* **About this exercise**
Omit the pictures and output exactly the lines from the start of the entries through the line containing "GSTGroupReverseChargeErr: Label 'GST".

• • •

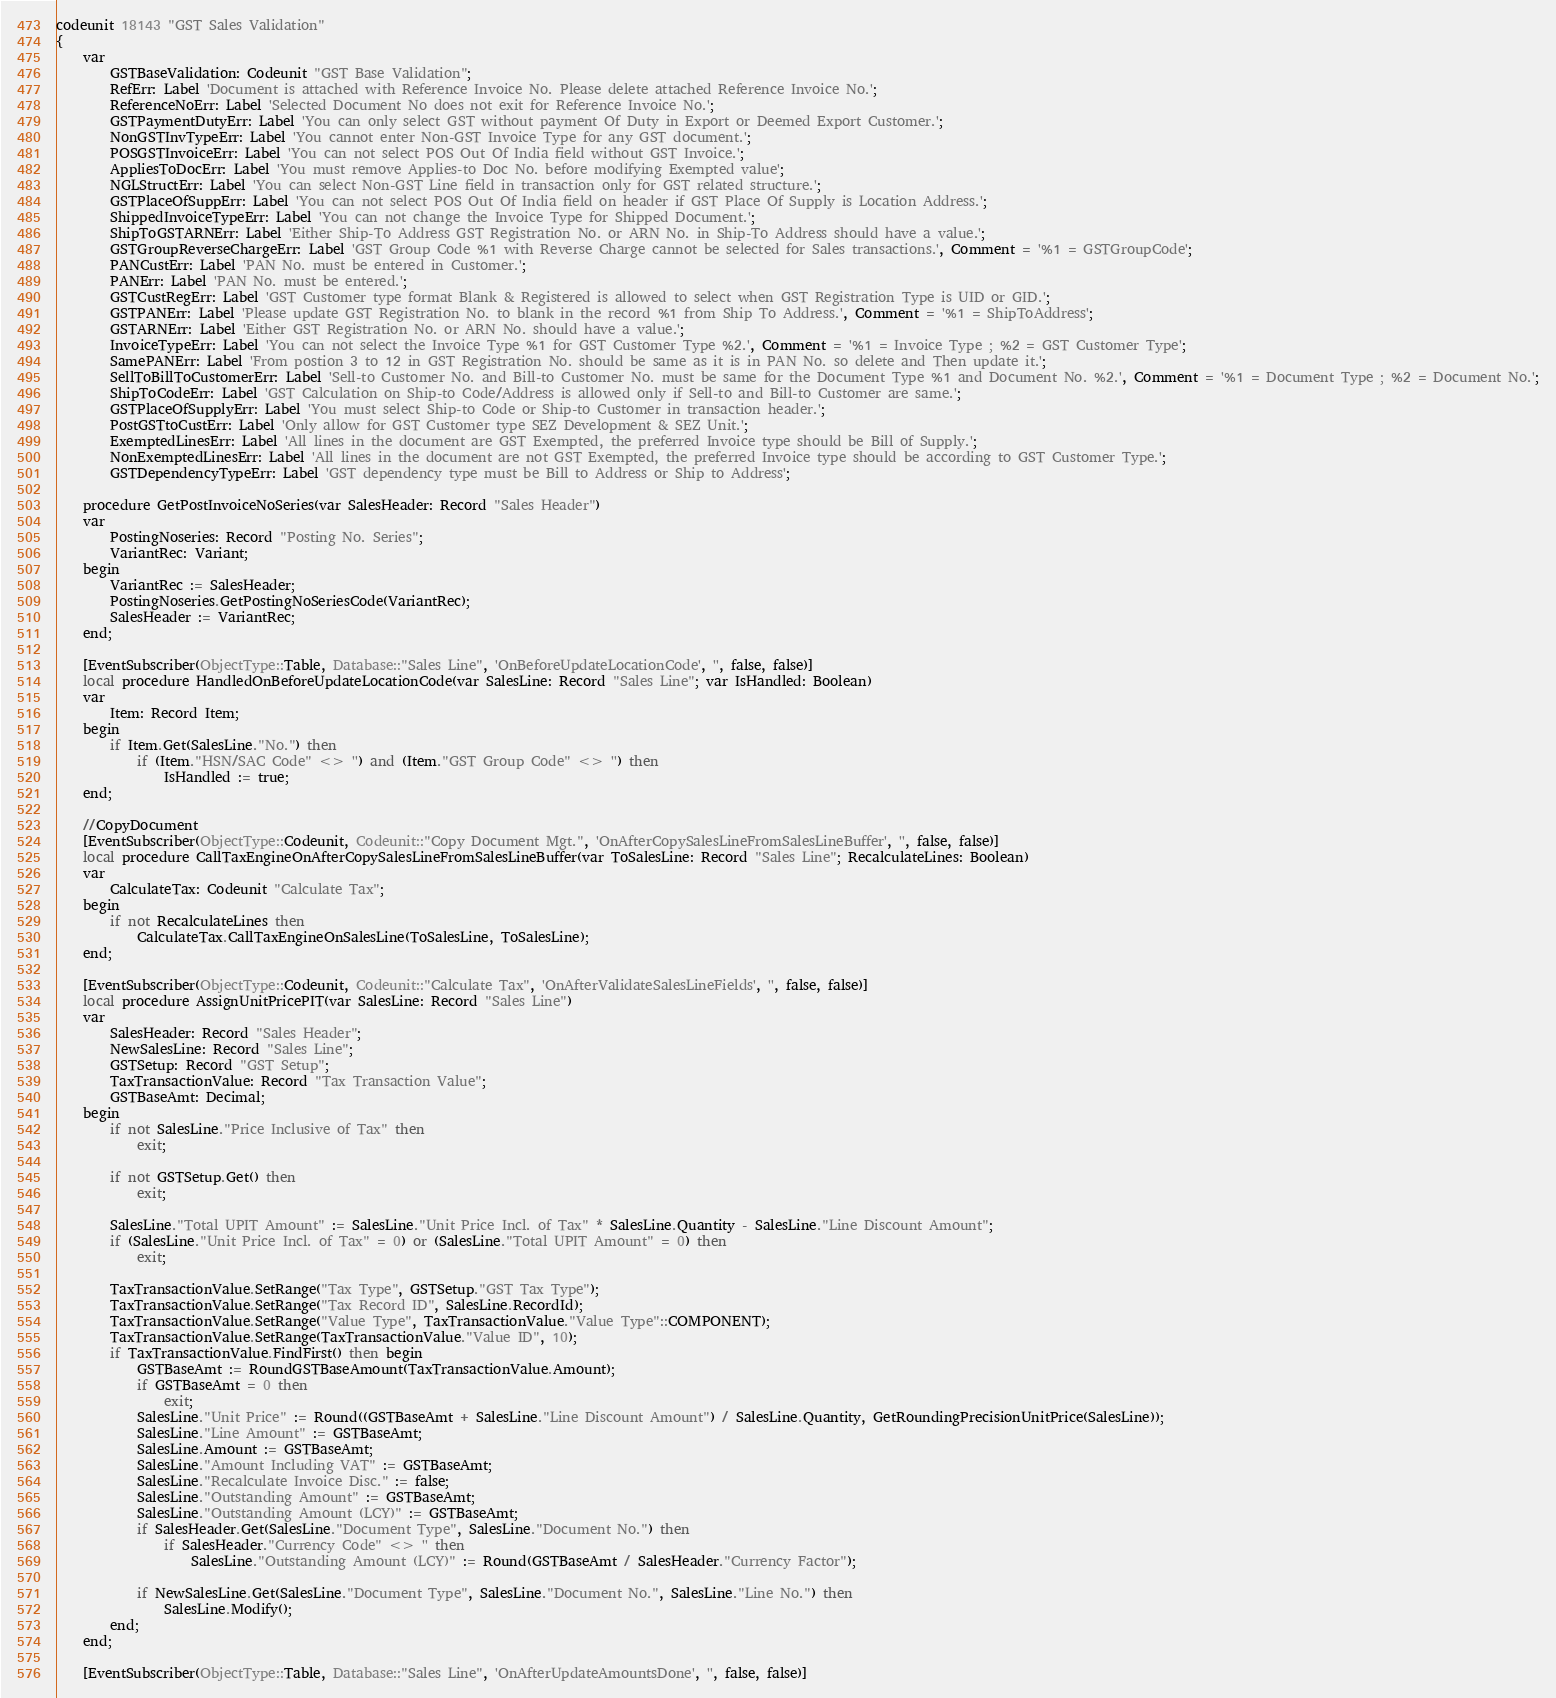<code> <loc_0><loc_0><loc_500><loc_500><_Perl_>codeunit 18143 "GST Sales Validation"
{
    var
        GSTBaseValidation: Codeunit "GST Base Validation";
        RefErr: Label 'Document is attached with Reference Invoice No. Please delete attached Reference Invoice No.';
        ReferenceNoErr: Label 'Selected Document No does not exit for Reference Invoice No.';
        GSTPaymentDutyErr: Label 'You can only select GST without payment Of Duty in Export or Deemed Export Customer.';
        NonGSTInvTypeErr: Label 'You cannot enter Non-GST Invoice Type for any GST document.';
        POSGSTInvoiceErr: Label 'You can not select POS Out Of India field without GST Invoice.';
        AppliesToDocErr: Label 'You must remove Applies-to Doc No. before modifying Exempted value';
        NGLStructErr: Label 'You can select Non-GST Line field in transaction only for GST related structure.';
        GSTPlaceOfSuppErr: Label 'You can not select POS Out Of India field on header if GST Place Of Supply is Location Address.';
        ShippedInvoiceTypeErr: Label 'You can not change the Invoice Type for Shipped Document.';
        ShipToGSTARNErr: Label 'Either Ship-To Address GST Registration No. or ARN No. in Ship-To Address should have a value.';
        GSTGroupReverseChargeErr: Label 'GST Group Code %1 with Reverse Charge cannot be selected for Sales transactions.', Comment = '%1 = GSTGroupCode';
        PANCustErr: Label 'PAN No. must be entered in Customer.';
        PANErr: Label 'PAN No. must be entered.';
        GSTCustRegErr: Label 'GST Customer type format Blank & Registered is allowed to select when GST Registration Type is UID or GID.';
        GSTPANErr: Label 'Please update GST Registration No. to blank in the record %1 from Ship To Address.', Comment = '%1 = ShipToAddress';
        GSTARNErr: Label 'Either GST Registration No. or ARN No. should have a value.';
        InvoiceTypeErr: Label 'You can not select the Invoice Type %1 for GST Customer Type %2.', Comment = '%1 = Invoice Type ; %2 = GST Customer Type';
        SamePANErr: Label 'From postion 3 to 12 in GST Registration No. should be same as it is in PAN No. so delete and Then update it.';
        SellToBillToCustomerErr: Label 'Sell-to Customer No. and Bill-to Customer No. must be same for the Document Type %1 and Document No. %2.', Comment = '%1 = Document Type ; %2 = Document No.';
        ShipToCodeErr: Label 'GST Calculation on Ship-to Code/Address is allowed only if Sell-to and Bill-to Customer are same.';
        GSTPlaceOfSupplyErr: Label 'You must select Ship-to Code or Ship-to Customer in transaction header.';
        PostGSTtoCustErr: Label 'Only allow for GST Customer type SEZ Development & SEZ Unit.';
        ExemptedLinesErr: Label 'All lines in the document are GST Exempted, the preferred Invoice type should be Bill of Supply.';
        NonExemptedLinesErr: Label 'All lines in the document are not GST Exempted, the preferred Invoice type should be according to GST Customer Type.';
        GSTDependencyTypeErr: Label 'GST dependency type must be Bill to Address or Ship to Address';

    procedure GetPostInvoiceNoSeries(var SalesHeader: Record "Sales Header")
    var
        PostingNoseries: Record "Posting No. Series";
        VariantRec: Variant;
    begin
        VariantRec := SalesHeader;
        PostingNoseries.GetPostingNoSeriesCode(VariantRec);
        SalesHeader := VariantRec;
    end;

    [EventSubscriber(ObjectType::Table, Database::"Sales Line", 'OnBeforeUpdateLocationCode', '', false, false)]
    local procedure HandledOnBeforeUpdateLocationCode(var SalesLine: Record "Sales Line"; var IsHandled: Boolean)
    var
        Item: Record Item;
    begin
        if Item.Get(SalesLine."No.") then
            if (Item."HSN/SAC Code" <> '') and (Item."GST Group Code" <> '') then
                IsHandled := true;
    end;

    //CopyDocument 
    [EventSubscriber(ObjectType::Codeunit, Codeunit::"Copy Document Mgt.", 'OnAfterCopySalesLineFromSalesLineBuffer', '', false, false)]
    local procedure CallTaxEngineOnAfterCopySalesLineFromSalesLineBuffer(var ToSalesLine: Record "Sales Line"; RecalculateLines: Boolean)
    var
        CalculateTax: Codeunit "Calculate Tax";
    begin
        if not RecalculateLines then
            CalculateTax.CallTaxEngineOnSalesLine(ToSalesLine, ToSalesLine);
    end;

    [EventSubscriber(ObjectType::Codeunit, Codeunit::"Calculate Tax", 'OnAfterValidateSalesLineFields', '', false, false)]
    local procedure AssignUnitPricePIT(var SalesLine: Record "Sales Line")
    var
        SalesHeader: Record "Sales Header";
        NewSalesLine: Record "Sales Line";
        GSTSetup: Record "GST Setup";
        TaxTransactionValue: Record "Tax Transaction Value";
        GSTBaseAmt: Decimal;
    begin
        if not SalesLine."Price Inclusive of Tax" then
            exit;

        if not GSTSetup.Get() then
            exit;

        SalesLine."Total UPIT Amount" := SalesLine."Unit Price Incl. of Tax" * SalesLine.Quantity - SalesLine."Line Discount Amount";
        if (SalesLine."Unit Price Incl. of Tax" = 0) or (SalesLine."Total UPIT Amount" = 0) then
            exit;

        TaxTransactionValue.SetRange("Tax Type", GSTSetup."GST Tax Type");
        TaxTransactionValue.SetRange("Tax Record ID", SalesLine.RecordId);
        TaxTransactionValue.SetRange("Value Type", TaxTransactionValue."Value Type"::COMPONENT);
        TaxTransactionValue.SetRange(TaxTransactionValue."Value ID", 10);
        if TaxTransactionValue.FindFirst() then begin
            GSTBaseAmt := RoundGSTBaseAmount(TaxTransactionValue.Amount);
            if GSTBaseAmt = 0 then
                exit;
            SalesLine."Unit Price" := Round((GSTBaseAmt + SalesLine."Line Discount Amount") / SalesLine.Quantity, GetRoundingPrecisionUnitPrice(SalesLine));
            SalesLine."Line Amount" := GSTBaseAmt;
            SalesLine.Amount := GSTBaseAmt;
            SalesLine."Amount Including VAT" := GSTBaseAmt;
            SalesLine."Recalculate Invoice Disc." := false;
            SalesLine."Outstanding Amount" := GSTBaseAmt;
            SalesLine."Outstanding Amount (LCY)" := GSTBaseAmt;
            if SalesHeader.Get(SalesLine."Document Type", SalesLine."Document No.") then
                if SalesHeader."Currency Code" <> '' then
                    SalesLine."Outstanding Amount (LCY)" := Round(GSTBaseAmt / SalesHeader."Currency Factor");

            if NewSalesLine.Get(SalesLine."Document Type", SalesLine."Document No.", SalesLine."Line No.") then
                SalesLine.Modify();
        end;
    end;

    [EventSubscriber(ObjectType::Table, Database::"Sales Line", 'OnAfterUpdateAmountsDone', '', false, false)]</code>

• • •

* **Answer box**
<code> <loc_0><loc_0><loc_500><loc_500><_Perl_>codeunit 18143 "GST Sales Validation"
{
    var
        GSTBaseValidation: Codeunit "GST Base Validation";
        RefErr: Label 'Document is attached with Reference Invoice No. Please delete attached Reference Invoice No.';
        ReferenceNoErr: Label 'Selected Document No does not exit for Reference Invoice No.';
        GSTPaymentDutyErr: Label 'You can only select GST without payment Of Duty in Export or Deemed Export Customer.';
        NonGSTInvTypeErr: Label 'You cannot enter Non-GST Invoice Type for any GST document.';
        POSGSTInvoiceErr: Label 'You can not select POS Out Of India field without GST Invoice.';
        AppliesToDocErr: Label 'You must remove Applies-to Doc No. before modifying Exempted value';
        NGLStructErr: Label 'You can select Non-GST Line field in transaction only for GST related structure.';
        GSTPlaceOfSuppErr: Label 'You can not select POS Out Of India field on header if GST Place Of Supply is Location Address.';
        ShippedInvoiceTypeErr: Label 'You can not change the Invoice Type for Shipped Document.';
        ShipToGSTARNErr: Label 'Either Ship-To Address GST Registration No. or ARN No. in Ship-To Address should have a value.';
        GSTGroupReverseChargeErr: Label 'GST Group Code %1 with Reverse Charge cannot be selected for Sales transactions.', Comment = '%1 = GSTGroupCode';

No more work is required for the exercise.